1 - Exploration

LaBB-CAT is a speech/language corpus management system that:

stores transcripts with audio/video
- supporting a variety of upload formats
- and the definition of speech elicitation tasks;
allows the addition of different layers of annotation, which can
- be manual or automatic, and
- have different granularities, from topic tagging to individual speech sounds;
supports forced alignment to phone level using a speech recognition toolkit called HTK, or the Montreal Forced Aligner, or the WebMAUS service provided by BAS Web Services;
allows cross-layer regular-expression search;
search results are exportable to CSV for further analysis;
batch acoustic measurement of segments using Praat is also supported, and
transcripts and fragments of them are exportable in a variety of formats.

In this worksheet you will start exploring a demo LaBB-CAT corpus, to get a general idea of how to find your way around LaBB-CAT and how the language data is presented.

The demo corpus contains a collection of videos of people telling stories about their experiences during the earthquakes that struck Canterbury during 2010 and 2011. They have been orthographically transcribed using a tool called ELAN, so they have been time aligned to the utterance level; i.e. the start and end time of each line in the transcript has been manually synchronized with the recording. The ELAN transcripts, and their video and audio files, have been uploaded into LaBB-CAT.

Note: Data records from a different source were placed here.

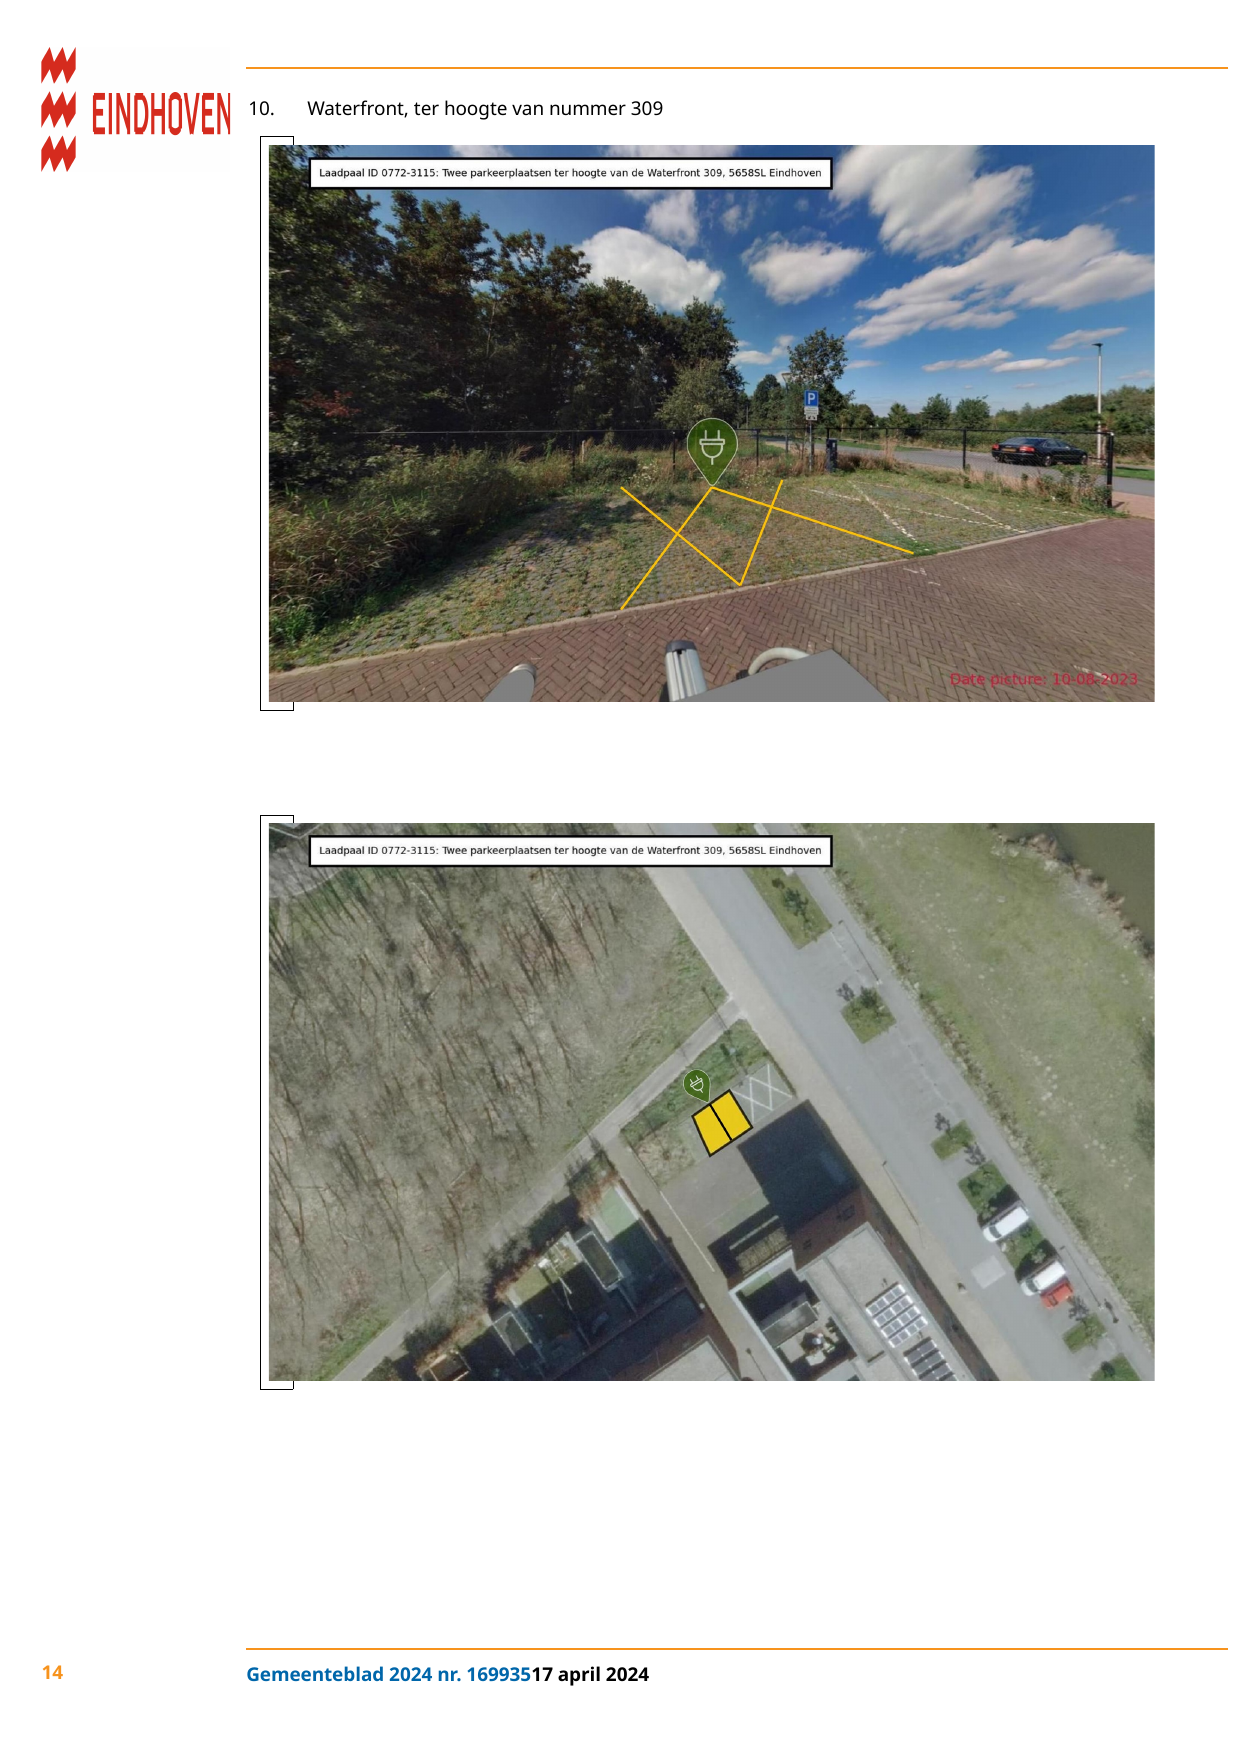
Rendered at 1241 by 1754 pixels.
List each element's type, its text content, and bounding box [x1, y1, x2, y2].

picture [268, 823, 1155, 1381]
picture [41, 47, 231, 172]
list Waterfront, ter hoogte van nummer 309 [248, 95, 1152, 121]
picture [268, 145, 1155, 702]

LaBB-CAT is a browser-based system so the first thing to do is access it with your web browser. Generally, any modern browser should be fine (although some features you’ll see in later worksheets are only supported by Mozilla Firefox or Google Chrome).

In your web browser, type in the following URL:
https://labbcat.canterbury.ac.nz/demo
You will be asked for a username and password.
The username is demo and the password is demo
The very first time you access LaBB-CAT, you will see the licence agreement for accessing the corpus data.
Press I Agree to continue.
You will see a page called “LaBB-CAT Demo” which has a menu of links along the top and a number of icons. Below the icons is some information about the corpus. This is the LaBB-CAT home page.
Click the where do I start? icon on the left.
The help page that pops up includes a brief description of LaBB-CAT and some tips for navigation and getting more information.
Read through at least the top section of the page to get some helpful tips, and then close the browser tab to return to the home page.

Transcripts and Participants

First we will look at ways to manually browse the corpus data.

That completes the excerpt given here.